Other jurisdictions may be further down that road already.
Prof Warnock’s paper, co-authored with Brian Preston, chief judge of New South Wales land and environment court, says a defence of necessity premised on the climate change emergency appears to be an emerging trend, globally.
"In the UK, some magistrates and juries are delivering not guilty verdicts for climate change activists accused of trespass and criminal damage, despite judges advising the jury, where there is one, to reject defences of climate necessity as not validly based in existing jurisprudence ... In other nations, legal defences based on climate necessity are gaining traction, and some appear to have met with success," they write.
However, any trend towards entertaining climate change arguments didn’t stretch to the other defence deployed in the Dunedin case.
Defence counsel Dr Thomas Harre - representing the other two defendants - argued the New Zealand Bill of Rights Act protected peaceful protest of the kind undertaken at the railway station.
Particularly so given KiwiRail was required by the State-Owned Enterprises Act to exhibit a "sense of social responsibility by having regard to the interests of the community in which it operates and endeavouring to accommodate or encourage these when able to do so".
Given all of that, and the limited duration of the protest "the circumstances did not require a charge to be laid", Dr Harre argued.
However, Judge Robinson ruled that safety considerations under the Railways Act meant the actions police took to arrest and charge those involved were reasonable.
It has certainly not been all one-way traffic in terms of courts looking leniently at climate-related matters.
While juries in the UK may have been counselling leniency, the government there has introduced new public nuisance laws to curtail protest.
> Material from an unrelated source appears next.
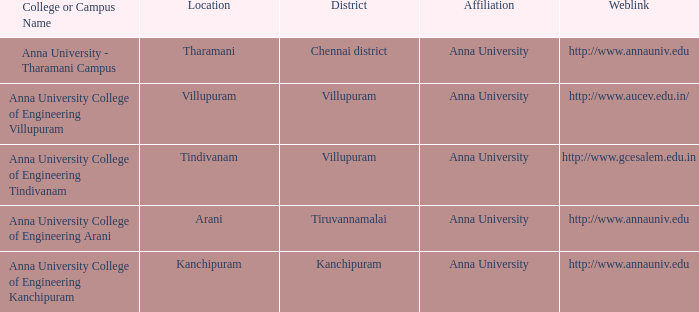Parse the full table. {'header': ['College or Campus Name', 'Location', 'District', 'Affiliation', 'Weblink'], 'rows': [['Anna University - Tharamani Campus', 'Tharamani', 'Chennai district', 'Anna University', 'http://www.annauniv.edu'], ['Anna University College of Engineering Villupuram', 'Villupuram', 'Villupuram', 'Anna University', 'http://www.aucev.edu.in/'], ['Anna University College of Engineering Tindivanam', 'Tindivanam', 'Villupuram', 'Anna University', 'http://www.gcesalem.edu.in'], ['Anna University College of Engineering Arani', 'Arani', 'Tiruvannamalai', 'Anna University', 'http://www.annauniv.edu'], ['Anna University College of Engineering Kanchipuram', 'Kanchipuram', 'Kanchipuram', 'Anna University', 'http://www.annauniv.edu']]} What District has a College or Campus Name of anna university college of engineering kanchipuram? Kanchipuram. 
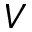Convert formula to latex. <formula><loc_0><loc_0><loc_500><loc_500>V</formula> 
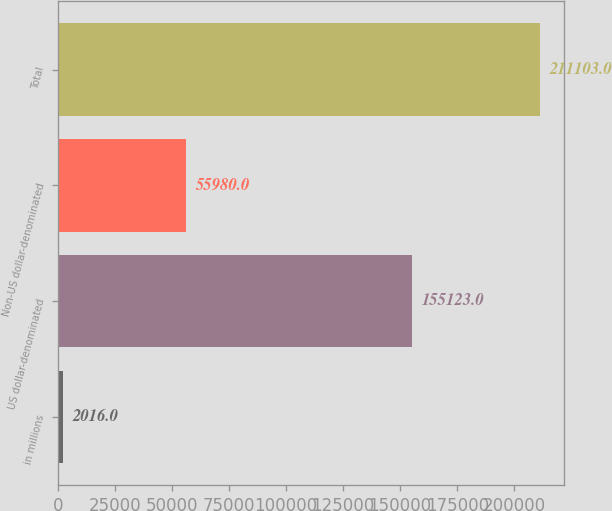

Five climate activists are in jail for planning a motorway protest - having received sentences of between four and five years. The sentences have been described as "not acceptable in a democracy" and may yet be challenged in the European Court of Human Rights.
Here in New Zealand, some of those involved in motorway protests in Wellington have already spent short stints in custody and face the more serious charge of endangering transport - which carries a maximum sentence of 14 years.
The outcome there, too, is for the future.
For today, or perhaps tomorrow, away from the tourists’ cameras, on the further side of Dunedin’s ornate railway station, another long heavy line of grimy wagons will clank north, having skirted the sea-level-rise-threatened suburbs of the city. It will then tick off the exposed towns of the North Otago and South Canterbury coastline, cross the flood-threatened rail bridges over dozens of waterways. And then its cargo, the coal, will be burned.